Global Energy Roundup: Market Talk

Dow Jones04-08 22:49

The latest Market Talks covering Energy markets. Published exclusively on Dow Jones Newswires throughout the day.

1049 ET - Delta Air Lines has been paying on average about $4.30 a gallon for jet fuel, or roughly double the price from a year ago. Higher jet fuel prices, which have surged as conflicts in the Middle East have tightened supplies of crude oil, are projected to add more than $2 billion of additional fuel expense in the current quarter, Oper Chief Dan Janki says on a call with analysts Wednesday. That figure includes a $300 million benefit from Delta's oil refinery in Pennsylvania, which the carrier bought in 2012. The facility boosted the company's bottom line by about $60 million in the first quarter. Shares rise 7% on higher-than-expected adjusted earnings and revenue. (connor.hart@wsj.com)
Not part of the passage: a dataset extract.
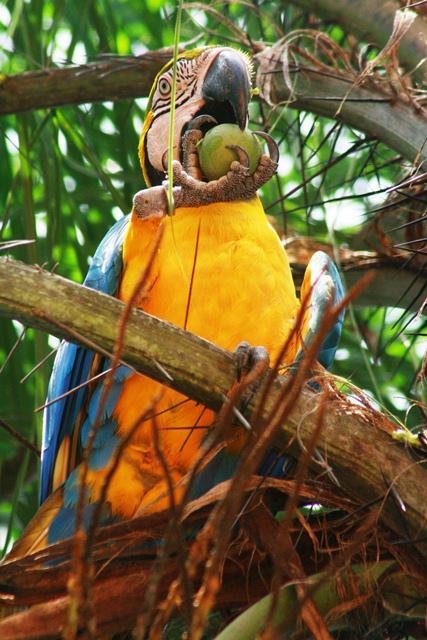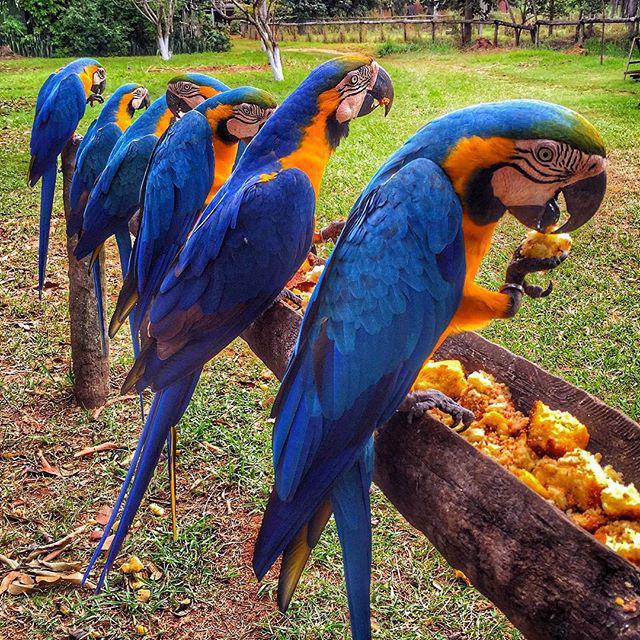The first image is the image on the left, the second image is the image on the right. For the images displayed, is the sentence "The right image features at least six blue parrots." factually correct? Answer yes or no. Yes.

1042 ET - The coming weeks will see whether the U.S.-Iran cease-fire rally is justified, but "markets are clearly operating on the assumption that the agreement to have a cessation of hostilities is a positive step," PGIM's Robert Tipp says. He thinks markets were already "aggressively priced" before the first U.S.-Israel strikes in Iran, and the hostilities triggered anxious sell-offs now reversed for fear of missing out on the "big trade." Tipp says a resilient U.S. economy and upcoming monetary easing will be the main drivers of investment decisions for the time being. The 10-year yield is at 4.266%, off early lows. (paulo.trevisani@wsj.com; @ptrevisani)
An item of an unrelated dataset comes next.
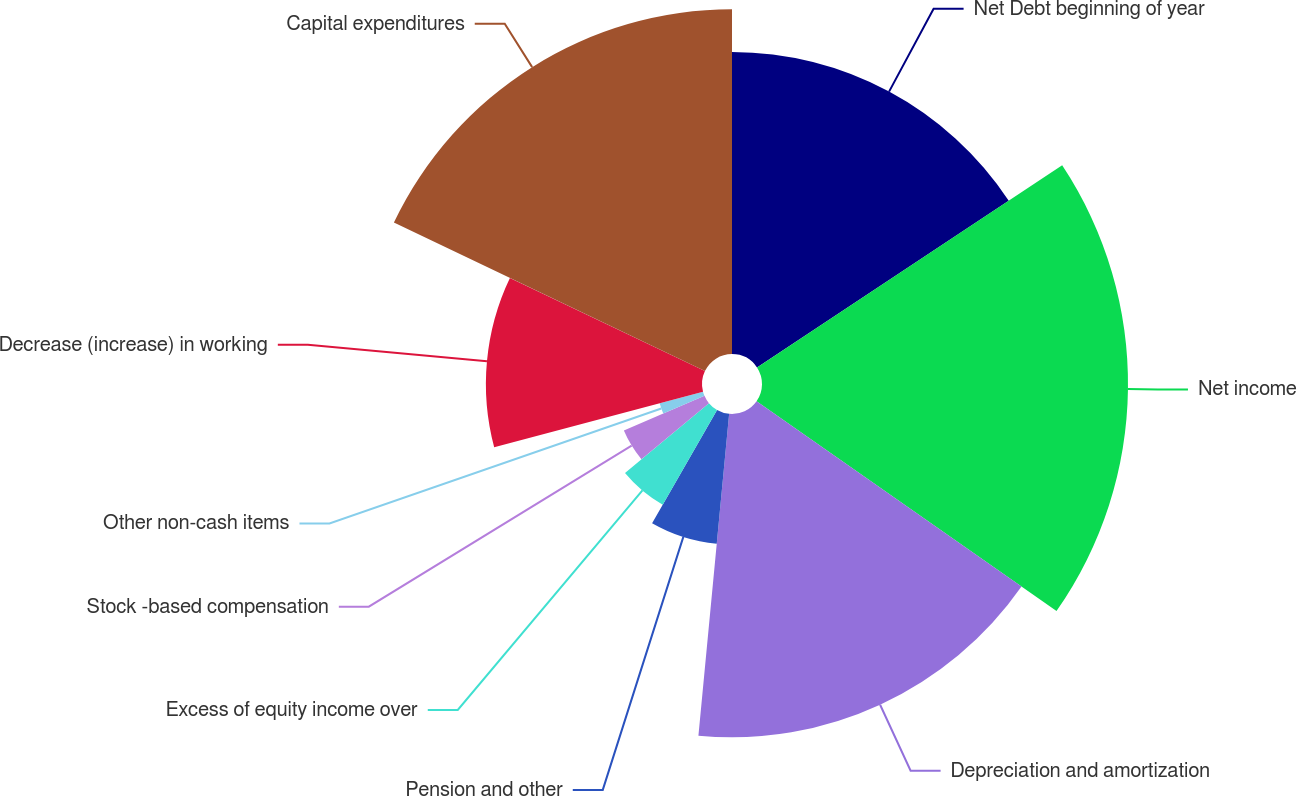Convert chart. <chart><loc_0><loc_0><loc_500><loc_500><pie_chart><fcel>Net Debt beginning of year<fcel>Net income<fcel>Depreciation and amortization<fcel>Pension and other<fcel>Excess of equity income over<fcel>Stock -based compensation<fcel>Other non-cash items<fcel>Decrease (increase) in working<fcel>Capital expenditures<nl><fcel>15.69%<fcel>19.02%<fcel>16.8%<fcel>6.78%<fcel>5.67%<fcel>4.56%<fcel>2.33%<fcel>11.23%<fcel>17.91%<nl></chart>

1038 ET - Live cattle futures are trading above $2.49 a pound, which would be a new record high if they settle at this level. Supporting cattle prices is the dramatic easing seen in energy prices, says AgResource in a note. Higher oil prices have been a pressure point for cattle futures on the view that consumers paying more at the gas pump means they'll choose cheaper proteins like pork or chicken. Crude oil is down 16% following the two-week cease- fire in the war. Lean hog futures are down 0.2%. (kirk.maltais@wsj.com)

1035 ET--U.S. cruise companies are some of the biggest winners from the U.S.-Iran cease-fire, which President Trump announced Tuesday night. Shares of Carnival, which operates one of the largest U.S. cruise lines, are up 14% to $28.67, making it the best performer on the S&P 500. It's on pace for the largest percent increase since April 9, 2025, when it rose 17.5%. Trump's cease-fire would require Iran to end its blockade of the Strait of Hormuz, which had choked off much of the world's oil supply. Cruise companies like Carnival depend heavily on oil for fuel, so falling oil prices are a boon to their business. ( chris.kuo@wsj.com )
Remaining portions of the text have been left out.